Exercise directions - Repeat nothing but the lines below running from the one containing "16) pedestrian (1366,573,1405,611)" to the one containing "frying pan,-0.805,0.461,1.719,0.401,0.052,0.235,-16,40,-18". Keep both end lines.

#### Data for review

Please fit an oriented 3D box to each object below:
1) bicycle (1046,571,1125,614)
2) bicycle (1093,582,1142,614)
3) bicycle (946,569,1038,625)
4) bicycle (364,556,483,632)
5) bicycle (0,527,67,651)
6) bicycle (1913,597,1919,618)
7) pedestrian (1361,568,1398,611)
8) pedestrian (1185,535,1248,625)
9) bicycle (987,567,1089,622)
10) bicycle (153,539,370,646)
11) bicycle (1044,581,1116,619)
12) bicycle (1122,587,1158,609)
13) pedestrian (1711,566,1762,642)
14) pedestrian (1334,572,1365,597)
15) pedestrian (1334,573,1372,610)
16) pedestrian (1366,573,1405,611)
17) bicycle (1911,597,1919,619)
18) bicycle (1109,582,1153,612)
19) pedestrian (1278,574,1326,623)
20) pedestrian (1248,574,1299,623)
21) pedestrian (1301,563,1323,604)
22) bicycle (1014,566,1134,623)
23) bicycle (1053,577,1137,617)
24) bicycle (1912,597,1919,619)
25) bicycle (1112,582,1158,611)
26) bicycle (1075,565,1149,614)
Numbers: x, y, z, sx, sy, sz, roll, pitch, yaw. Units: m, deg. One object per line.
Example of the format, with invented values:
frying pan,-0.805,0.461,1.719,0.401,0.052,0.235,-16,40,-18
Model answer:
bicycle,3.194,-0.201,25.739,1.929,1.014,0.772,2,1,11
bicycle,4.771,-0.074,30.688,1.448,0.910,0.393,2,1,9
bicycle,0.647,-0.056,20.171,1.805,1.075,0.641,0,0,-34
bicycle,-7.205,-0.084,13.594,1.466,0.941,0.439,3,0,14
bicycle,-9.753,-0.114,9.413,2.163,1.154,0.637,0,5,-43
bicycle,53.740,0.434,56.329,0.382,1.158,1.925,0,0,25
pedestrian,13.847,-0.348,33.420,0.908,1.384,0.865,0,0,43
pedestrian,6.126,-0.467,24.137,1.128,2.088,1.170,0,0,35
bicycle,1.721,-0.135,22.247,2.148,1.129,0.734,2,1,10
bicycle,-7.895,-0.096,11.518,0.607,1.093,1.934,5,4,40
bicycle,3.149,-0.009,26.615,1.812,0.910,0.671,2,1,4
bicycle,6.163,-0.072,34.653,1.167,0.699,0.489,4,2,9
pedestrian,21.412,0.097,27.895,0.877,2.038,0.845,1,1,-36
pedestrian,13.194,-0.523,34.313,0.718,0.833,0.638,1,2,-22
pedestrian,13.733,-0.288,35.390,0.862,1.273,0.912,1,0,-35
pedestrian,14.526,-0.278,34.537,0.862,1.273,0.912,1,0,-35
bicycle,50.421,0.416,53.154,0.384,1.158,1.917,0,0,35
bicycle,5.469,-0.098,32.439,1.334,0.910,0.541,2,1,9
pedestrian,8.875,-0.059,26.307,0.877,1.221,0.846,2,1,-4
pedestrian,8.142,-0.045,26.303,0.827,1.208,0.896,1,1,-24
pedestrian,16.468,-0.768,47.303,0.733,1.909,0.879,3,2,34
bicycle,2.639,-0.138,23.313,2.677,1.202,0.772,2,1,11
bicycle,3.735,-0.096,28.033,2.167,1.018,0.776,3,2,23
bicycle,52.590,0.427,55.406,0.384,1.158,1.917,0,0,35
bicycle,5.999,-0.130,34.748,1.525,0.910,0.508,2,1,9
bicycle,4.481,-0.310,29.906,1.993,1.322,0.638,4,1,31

########

Finished task -
16) pedestrian (1366,573,1405,611)
17) bicycle (1911,597,1919,619)
18) bicycle (1109,582,1153,612)
19) pedestrian (1278,574,1326,623)
20) pedestrian (1248,574,1299,623)
21) pedestrian (1301,563,1323,604)
22) bicycle (1014,566,1134,623)
23) bicycle (1053,577,1137,617)
24) bicycle (1912,597,1919,619)
25) bicycle (1112,582,1158,611)
26) bicycle (1075,565,1149,614)
Numbers: x, y, z, sx, sy, sz, roll, pitch, yaw. Units: m, deg. One object per line.
Example of the format, with invented values:
frying pan,-0.805,0.461,1.719,0.401,0.052,0.235,-16,40,-18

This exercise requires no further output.